Many finely divided solids catalyze chemical reactions, which means that they enhance the rate of the reaction by several orders of magnitude. The catalytic effect depends upon the nature of the reaction and fundamental properties of the solid.
For instance, alumina (Al2O3) obtained by calcining Al(OH)3 catalyzes the isomerization of 1-butene into 2-butene whereas Al(OH)3 doesn't. In order to understand the reason of this difference of behavior, consider the nuclear magnetic resonance (NMR) frequency of an Al nucleus as observed by exciting the transition between energy levels with a high field radio frequency.

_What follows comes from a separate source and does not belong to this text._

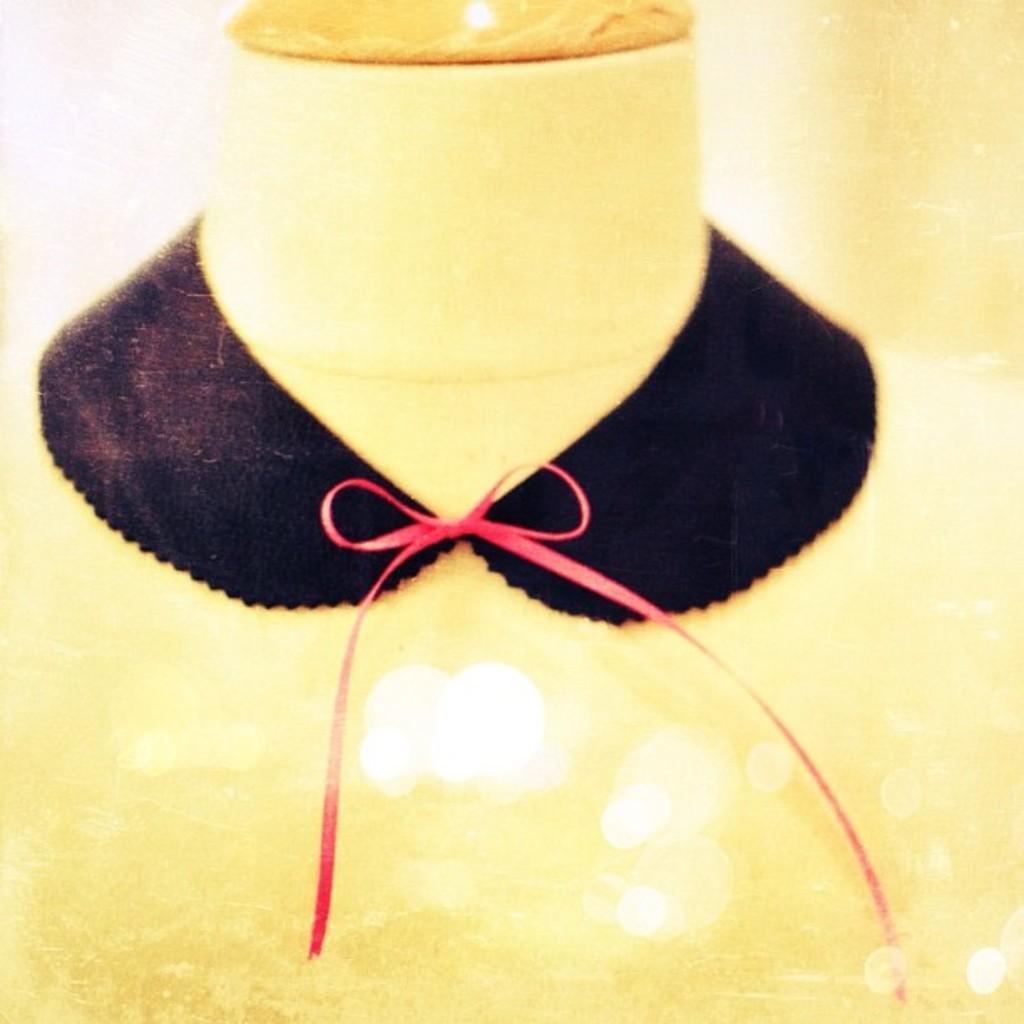How would you summarize this image in a sentence or two? In the image we can see a neck mannequin, on the neck mannequin there is a black cloth and a ribbon. 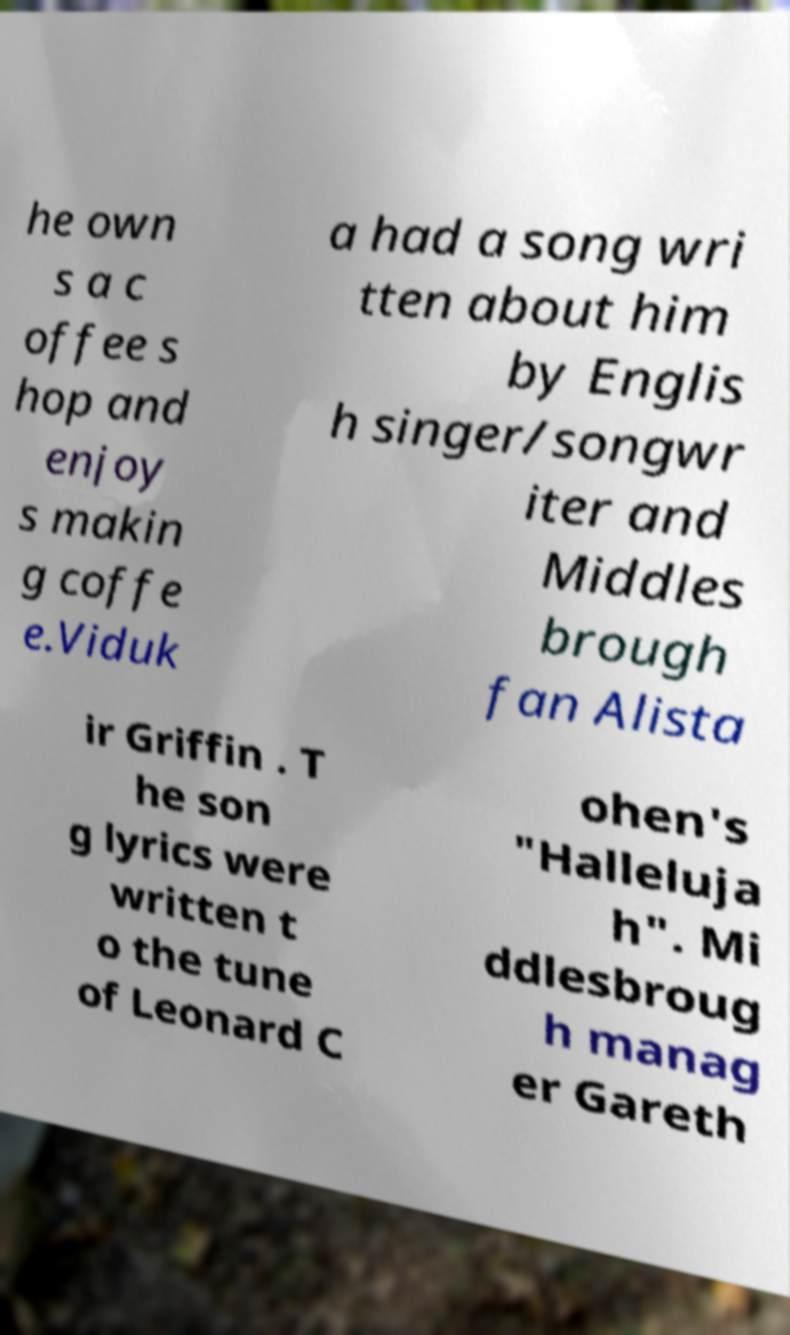Could you extract and type out the text from this image? he own s a c offee s hop and enjoy s makin g coffe e.Viduk a had a song wri tten about him by Englis h singer/songwr iter and Middles brough fan Alista ir Griffin . T he son g lyrics were written t o the tune of Leonard C ohen's "Halleluja h". Mi ddlesbroug h manag er Gareth

Aluminum NMR Spectra of Al(OH)3 showing one resonance frequency, AlIV.
Aluminum NMR Spectra of Al2O3 showing two resonance frequencies, AlIV and AlVI.

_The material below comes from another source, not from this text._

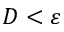<formula> <loc_0><loc_0><loc_500><loc_500>D < \varepsilon</formula> 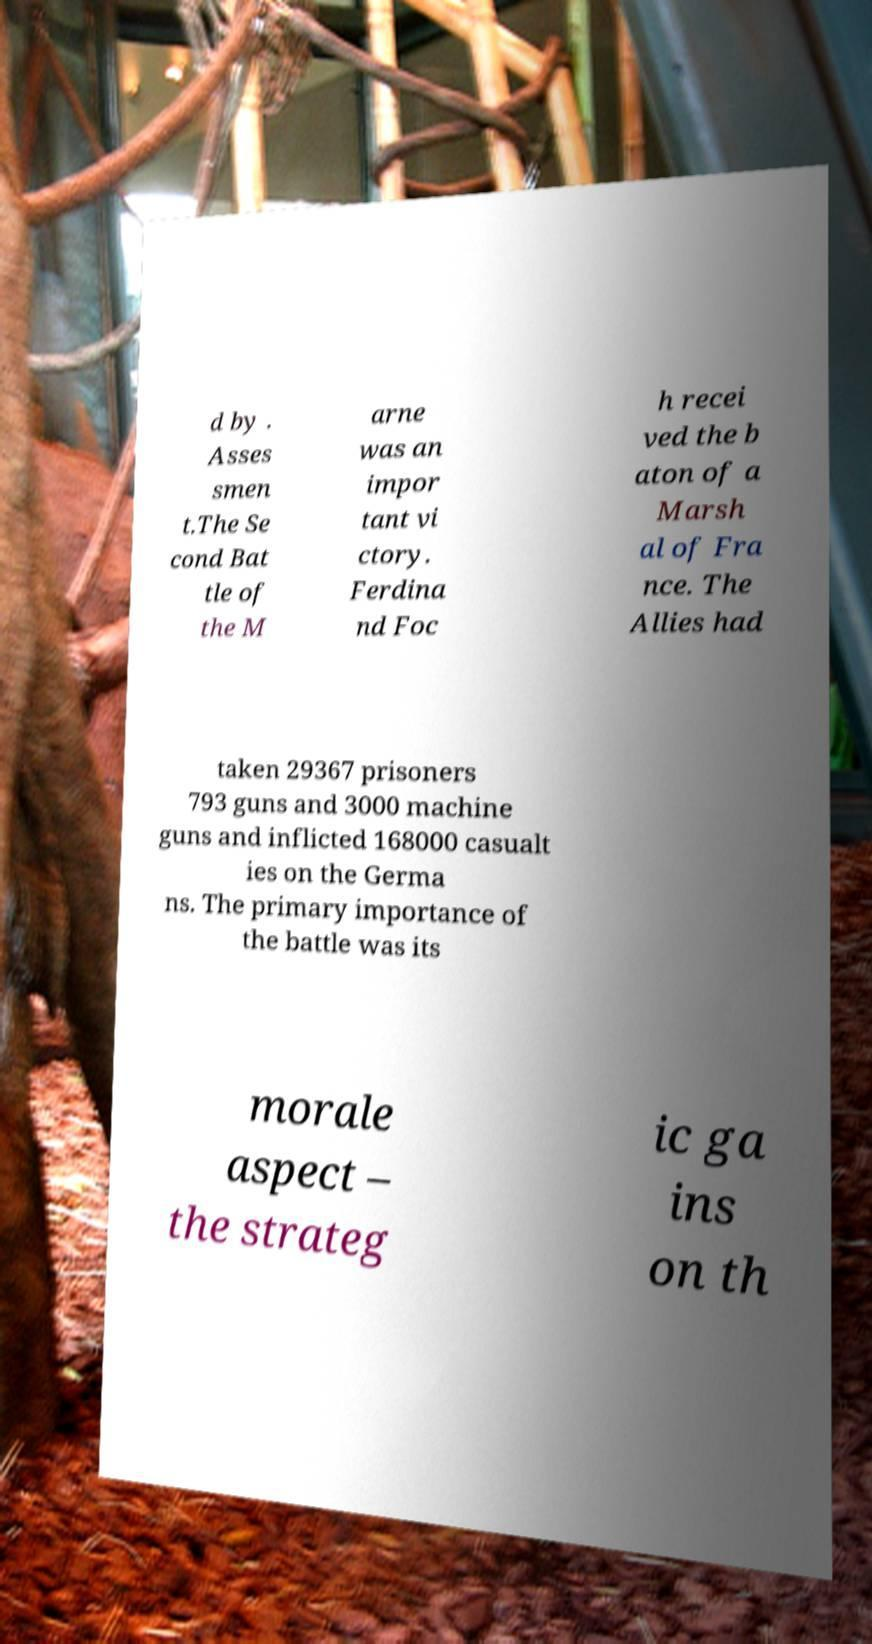Could you assist in decoding the text presented in this image and type it out clearly? d by . Asses smen t.The Se cond Bat tle of the M arne was an impor tant vi ctory. Ferdina nd Foc h recei ved the b aton of a Marsh al of Fra nce. The Allies had taken 29367 prisoners 793 guns and 3000 machine guns and inflicted 168000 casualt ies on the Germa ns. The primary importance of the battle was its morale aspect – the strateg ic ga ins on th

This example illustrates the major goal of the laboratory, that is the study of the surface and of the catalytic properties of disordered or imperfect solids. A serious effort is made to study the nature of surface acidity in dealuminated zeolites. In this class of catalysts the dealumination results in the formation of acid Lewis sites associated with non-framework Al nano-particles. The nature of Lewis acidity as well as the influence of the interactions between Lewis and Brönsted acid sides on the catalytic performance of zeolites is still poorly understood.
Thus a part of our activity is devoted to the synthesis of solids with controlled defects while the other part is to study solid state nuclear magnetic resonance, electron paramagnetic resonance, X-ray diffraction, infrared spectroscopy, adsorption measurements, calorimetry, etc. The chemical techniques aim to analyze the reaction kinetics, with gas chromatography and mass spectroscopy as analytical tools.